What Transformer Lab sets for you​

When num_nodes > 1, provider integrations add a common distributed environment baseline so training code can use standard variables.

SLURM provider​

For multi-node jobs, SLURM scripts include:

  • #SBATCH --nodes=<num_nodes>
  • Default task layout if not already set in custom flags:
    • #SBATCH --ntasks=<num_nodes>
    • #SBATCH --ntasks-per-node=1

And these environment defaults (overridable by user-provided env vars):

  • MASTER_ADDR (first host from SLURM_JOB_NODELIST)
  • MASTER_PORT (derived from SLURM_JOB_ID)
  • NODE_RANK (from SLURM_NODEID)
  • RANK (from SLURM_PROCID)
  • LOCAL_RANK (from SLURM_LOCALID)
  • WORLD_SIZE (from SLURM_NTASKS, fallback to num_nodes)

SkyPilot provider​

For multi-node jobs, run commands are prefixed with portable distributed defaults:

  • MASTER_ADDR (first IP from SKYPILOT_NODE_IPS)
  • MASTER_PORT (default 29500)
  • NODE_RANK / RANK (from SKYPILOT_NODE_RANK)
  • LOCAL_RANK (default 0)
  • WORLD_SIZE (default SKYPILOT_NUM_NODES * SKYPILOT_NUM_GPUS_PER_NODE)

SkyPilot also exposes its native variables (for example SKYPILOT_NODE_IPS, SKYPILOT_NUM_NODES, SKYPILOT_NODE_RANK), which you can still use directly.

Example: multi-node on SkyPilot​

name: train-multinode-skypilot
description: '2-node distributed PyTorch run on SkyPilot'

resources:
provider: skypilot
accelerators: 'L4:2'
cpus: 8
num_nodes: 2

env:
# Optional override (otherwise defaults to 29500 on SkyPilot multi-node)
MASTER_PORT: '8008'

script: |
set -euo pipefail
cd /workspace/my-train-code

# You can rely on pre-exported vars, or use SkyPilot-native vars directly.
torchrun \
--nnodes="${SKYPILOT_NUM_NODES}" \
--nproc_per_node="${SKYPILOT_NUM_GPUS_PER_NODE}" \
--node_rank="${SKYPILOT_NODE_RANK}" \
--master_addr="${MASTER_ADDR}" \
--master_port="${MASTER_PORT}" \
train.py

Example: multi-node on SLURM​

name: train-multinode-slurm
description: '2-node distributed PyTorch run on SLURM'

resources:
provider: slurm
num_nodes: 2
# Configure SLURM partition and custom sbatch flags in provider settings.

env:
# Optional override (otherwise defaults from job id logic)
MASTER_PORT: '23456'

script: |
set -euo pipefail
cd /workspace/my-train-code

# Launch style is user-controlled.
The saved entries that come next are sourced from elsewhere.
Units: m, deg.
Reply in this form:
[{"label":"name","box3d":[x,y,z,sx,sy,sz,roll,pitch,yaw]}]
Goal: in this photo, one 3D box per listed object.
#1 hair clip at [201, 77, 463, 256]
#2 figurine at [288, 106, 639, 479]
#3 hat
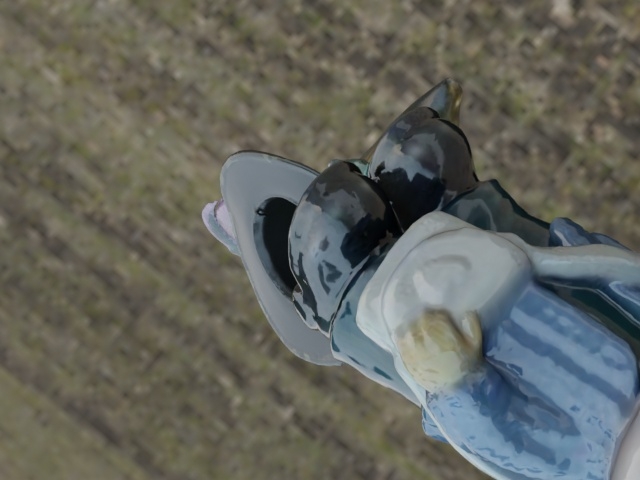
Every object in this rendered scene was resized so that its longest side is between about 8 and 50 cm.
[{"label":"hair clip","box3d":[0.019,-0.015,1.309,0.359,0.110,0.095,145,115,-66]},{"label":"figurine","box3d":[0.055,0.036,0.339,0.136,0.077,0.079,26,136,34]},{"label":"hat","box3d":[0.000,0.000,0.938,0.121,0.050,0.121,34,140,34]}]
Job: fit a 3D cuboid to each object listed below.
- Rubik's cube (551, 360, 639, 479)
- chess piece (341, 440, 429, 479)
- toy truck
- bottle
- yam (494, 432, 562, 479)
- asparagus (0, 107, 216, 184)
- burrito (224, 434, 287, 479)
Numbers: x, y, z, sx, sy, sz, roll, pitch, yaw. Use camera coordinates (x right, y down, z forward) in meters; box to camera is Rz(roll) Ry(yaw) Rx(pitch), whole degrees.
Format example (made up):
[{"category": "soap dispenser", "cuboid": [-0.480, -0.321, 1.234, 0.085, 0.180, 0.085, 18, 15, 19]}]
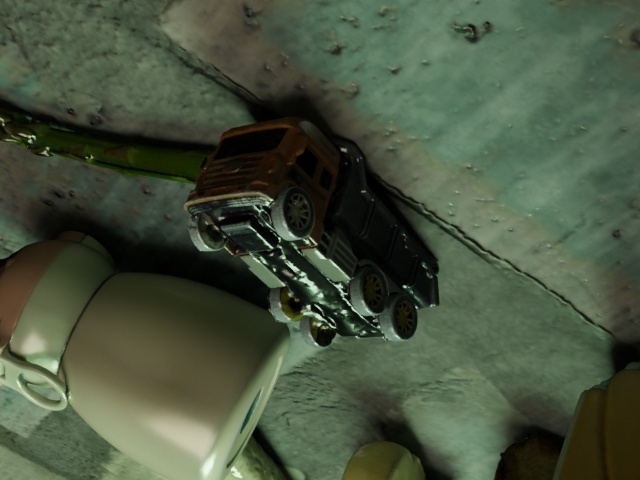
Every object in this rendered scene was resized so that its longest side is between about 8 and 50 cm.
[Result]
[{"category": "Rubik's cube", "cuboid": [0.327, 0.308, 0.843, 0.352, 0.347, 0.351, 1, 139, 29]}, {"category": "chess piece", "cuboid": [0.099, 0.317, 1.197, 0.117, 0.117, 0.397, 5, 139, 25]}, {"category": "toy truck", "cuboid": [0.000, 0.000, 0.867, 0.083, 0.092, 0.192, -7, 142, 38]}, {"category": "bottle", "cuboid": [-0.155, 0.081, 1.015, 0.237, 0.147, 0.147, 26, 145, 7]}, {"category": "yam", "cuboid": [0.172, 0.220, 1.056, 0.079, 0.079, 0.141, 16, 145, 12]}, {"category": "asparagus", "cuboid": [-0.156, -0.066, 0.923, 0.236, 0.027, 0.034, 13, 138, 16]}, {"category": "burrito", "cuboid": [-0.070, 0.213, 1.203, 0.082, 0.059, 0.275, 17, 146, 36]}]
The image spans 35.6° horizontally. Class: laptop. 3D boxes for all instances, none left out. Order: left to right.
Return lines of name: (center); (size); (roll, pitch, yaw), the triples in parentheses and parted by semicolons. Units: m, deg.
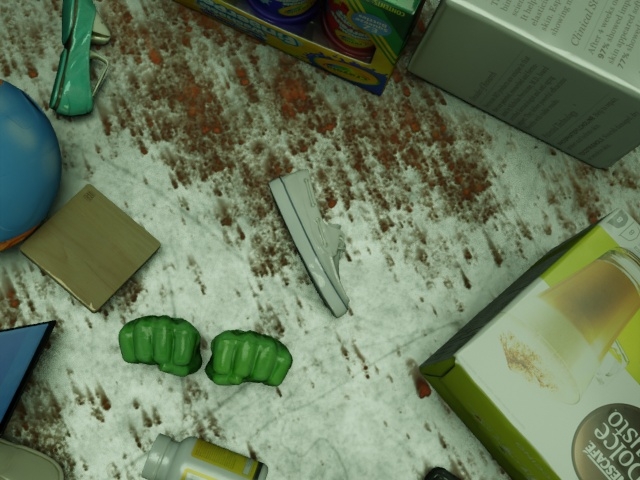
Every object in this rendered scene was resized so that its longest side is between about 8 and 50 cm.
laptop: (-0.580, 0.180, 1.506); (0.264, 0.136, 0.234); (29, 41, -15)

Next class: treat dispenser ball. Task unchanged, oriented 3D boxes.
treat dispenser ball: (-0.548, -0.117, 1.541); (0.288, 0.288, 0.288); (1, 80, -4)

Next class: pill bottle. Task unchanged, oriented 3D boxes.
pill bottle: (-0.182, 0.371, 1.573); (0.184, 0.103, 0.103); (21, 79, 0)

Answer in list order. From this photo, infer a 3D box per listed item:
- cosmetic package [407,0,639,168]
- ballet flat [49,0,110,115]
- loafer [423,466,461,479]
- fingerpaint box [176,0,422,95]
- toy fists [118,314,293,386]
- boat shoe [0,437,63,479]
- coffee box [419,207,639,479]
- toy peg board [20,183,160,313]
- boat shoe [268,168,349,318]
cosmetic package: (0.409, -0.376, 1.633); (0.394, 0.327, 0.329); (27, 79, 0)
ballet flat: (-0.404, -0.328, 1.703); (0.087, 0.083, 0.247); (10, 79, -27)
loafer: (0.255, 0.455, 1.606); (0.223, 0.076, 0.078); (35, 85, 7)
fingerpaint box: (-0.050, -0.440, 1.589); (0.445, 0.371, 0.163); (25, 79, 0)
toy fists: (-0.183, 0.177, 1.587); (0.279, 0.142, 0.096); (12, 80, -1)
boat shoe: (-0.557, 0.329, 1.553); (0.335, 0.095, 0.112); (31, 40, 3)
coffee box: (0.398, 0.208, 1.522); (0.334, 0.338, 0.337); (-40, 84, -9)
toy peg board: (-0.379, 0.022, 1.646); (0.161, 0.079, 0.160); (40, 64, 3)
boat shoe: (0.000, 0.000, 1.656); (0.084, 0.095, 0.258); (-25, 84, -3)

Choose srun/torchrun/etc explicitly.
srun python -m torch.distributed.run \
--nnodes="${SLURM_NNODES}" \
--nproc_per_node=1 \
--node_rank="${NODE_RANK}" \
--master_addr="${MASTER_ADDR}" \
--master_port="${MASTER_PORT}" \
train.py

Notes and troubleshooting​

  • If your cluster needs a custom task layout, set custom_sbatch_flags (or provider-level user_sbatch_flags).
  • If your training framework computes rank/world-size itself, these env vars still help keep behavior consistent across providers.
  • If your script hard-codes rendezvous values, ensure they match the requested num_nodes.
  • Multi-node (num_nodes > 1) distributed training is not supported on the Runpod provider currently.